Batch Normalization: Accelerating Deep Network Training by Reducing Internal Covariate Shift
2024-02-29
Keywords: #Batch Normalization
0. Abstract
- Training DNN is complicated because the distribution of each layer’s inputs changes during training. → Requires lower learning rate, careful param initialization, leads to saturating nonlinearities. → internal covariate shift
- Batch Normalization: By performing normalization for each mini-batch, we can use much higher lr and be less careful about initialization. It also acts as a regularizer.
1. Introduction
- Stochastic gradient descent (SGD): At each step we consider a mini-batch, $m$, used to approximate the gradient of the loss function
- Using mini-batches, as opposed to one example is helpful:
- The gradient of the loss over a mini-batch $~$ the gradient over the training set; quality improves as the batch-size increases
- Computation over a batch is more efficient than $m$ individual computations, due to parallelism
- Limitations of SGD (? or any DNN model): Very sensitive to lr and initialization. Inputs to each layer are affected by the params of all preceding layers → Small changes to the network params amplify as the network becomes deeper. → Change in distribution of layers’ inputs present a problem
- General idea: Learning a system as a whole, is the same as training cascaded subn-networks. Therefore, the input properties that make training more efficient – such as having the same distribution between the training and test data – apply to training the sub-network as well.
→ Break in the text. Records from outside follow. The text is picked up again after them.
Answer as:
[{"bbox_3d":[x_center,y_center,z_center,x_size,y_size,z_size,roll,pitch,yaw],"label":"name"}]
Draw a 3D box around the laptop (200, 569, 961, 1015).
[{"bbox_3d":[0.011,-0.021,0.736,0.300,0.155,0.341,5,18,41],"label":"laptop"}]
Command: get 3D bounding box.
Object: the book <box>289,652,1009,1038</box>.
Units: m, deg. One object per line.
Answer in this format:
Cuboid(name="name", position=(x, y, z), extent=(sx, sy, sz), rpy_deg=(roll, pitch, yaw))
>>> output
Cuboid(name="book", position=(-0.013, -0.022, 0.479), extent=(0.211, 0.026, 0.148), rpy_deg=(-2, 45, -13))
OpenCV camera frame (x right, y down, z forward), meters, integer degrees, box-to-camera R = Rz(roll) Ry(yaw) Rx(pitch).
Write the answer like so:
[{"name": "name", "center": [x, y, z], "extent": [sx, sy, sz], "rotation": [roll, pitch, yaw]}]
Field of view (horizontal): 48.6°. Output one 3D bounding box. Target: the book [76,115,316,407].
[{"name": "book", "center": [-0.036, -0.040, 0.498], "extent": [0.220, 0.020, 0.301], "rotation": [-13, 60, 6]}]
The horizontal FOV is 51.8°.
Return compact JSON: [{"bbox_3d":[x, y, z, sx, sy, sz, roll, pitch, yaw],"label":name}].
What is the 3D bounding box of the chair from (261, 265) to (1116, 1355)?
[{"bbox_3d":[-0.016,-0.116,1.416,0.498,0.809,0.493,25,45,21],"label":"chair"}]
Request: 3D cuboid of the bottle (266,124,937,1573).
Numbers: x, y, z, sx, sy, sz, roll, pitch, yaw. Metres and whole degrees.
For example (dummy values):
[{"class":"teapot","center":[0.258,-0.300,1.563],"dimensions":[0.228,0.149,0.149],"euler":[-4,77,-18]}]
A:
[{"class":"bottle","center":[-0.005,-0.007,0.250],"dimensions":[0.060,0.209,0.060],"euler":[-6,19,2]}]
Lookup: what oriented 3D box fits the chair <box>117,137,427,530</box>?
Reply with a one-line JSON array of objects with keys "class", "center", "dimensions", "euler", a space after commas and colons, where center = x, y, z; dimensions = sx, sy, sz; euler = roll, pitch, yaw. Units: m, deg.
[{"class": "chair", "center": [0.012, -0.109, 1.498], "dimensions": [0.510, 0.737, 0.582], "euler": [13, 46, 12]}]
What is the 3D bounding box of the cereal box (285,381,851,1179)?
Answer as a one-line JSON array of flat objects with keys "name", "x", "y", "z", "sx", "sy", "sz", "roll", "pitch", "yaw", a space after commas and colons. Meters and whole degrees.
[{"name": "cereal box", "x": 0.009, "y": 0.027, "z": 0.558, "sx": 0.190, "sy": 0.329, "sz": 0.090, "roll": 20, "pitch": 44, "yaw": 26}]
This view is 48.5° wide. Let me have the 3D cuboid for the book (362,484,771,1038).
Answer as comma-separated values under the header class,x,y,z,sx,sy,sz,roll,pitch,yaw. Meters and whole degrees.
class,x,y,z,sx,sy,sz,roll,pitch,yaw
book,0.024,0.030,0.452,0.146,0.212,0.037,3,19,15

- “Mitigate training burden”: If the input distribution remain fixed across sub-networks, then the params do not have to readjust to compensate for the change in the input distribution.
- “Training Acceleration”: If we can ensure that the distribution of nonlinearity inputs remain more stable, then the optimizer would be less likely to get wtuck in the saturated regime.
- Proposal: Batch Normalization to eliminate the change in the distributions of internal nodes of a deep network, referred to as Internal Covariate Shift
- Contributions
- Reduces internal covariate shift
- Reduces the dependence of gradients on the scale of params or their initial values. → higher lr without the risk of divergence → faster training
- Regularization effects: reduces the need for Dropout
- Makes it possible to use saturating nonlinearities
2. Towards Reducing Internal Covariate Shift
- Network training converges faster when inputs are whitened (have zero mean and unit variance).
- By fixing & whitening the distribution of every layer input, we expect to improve training speed.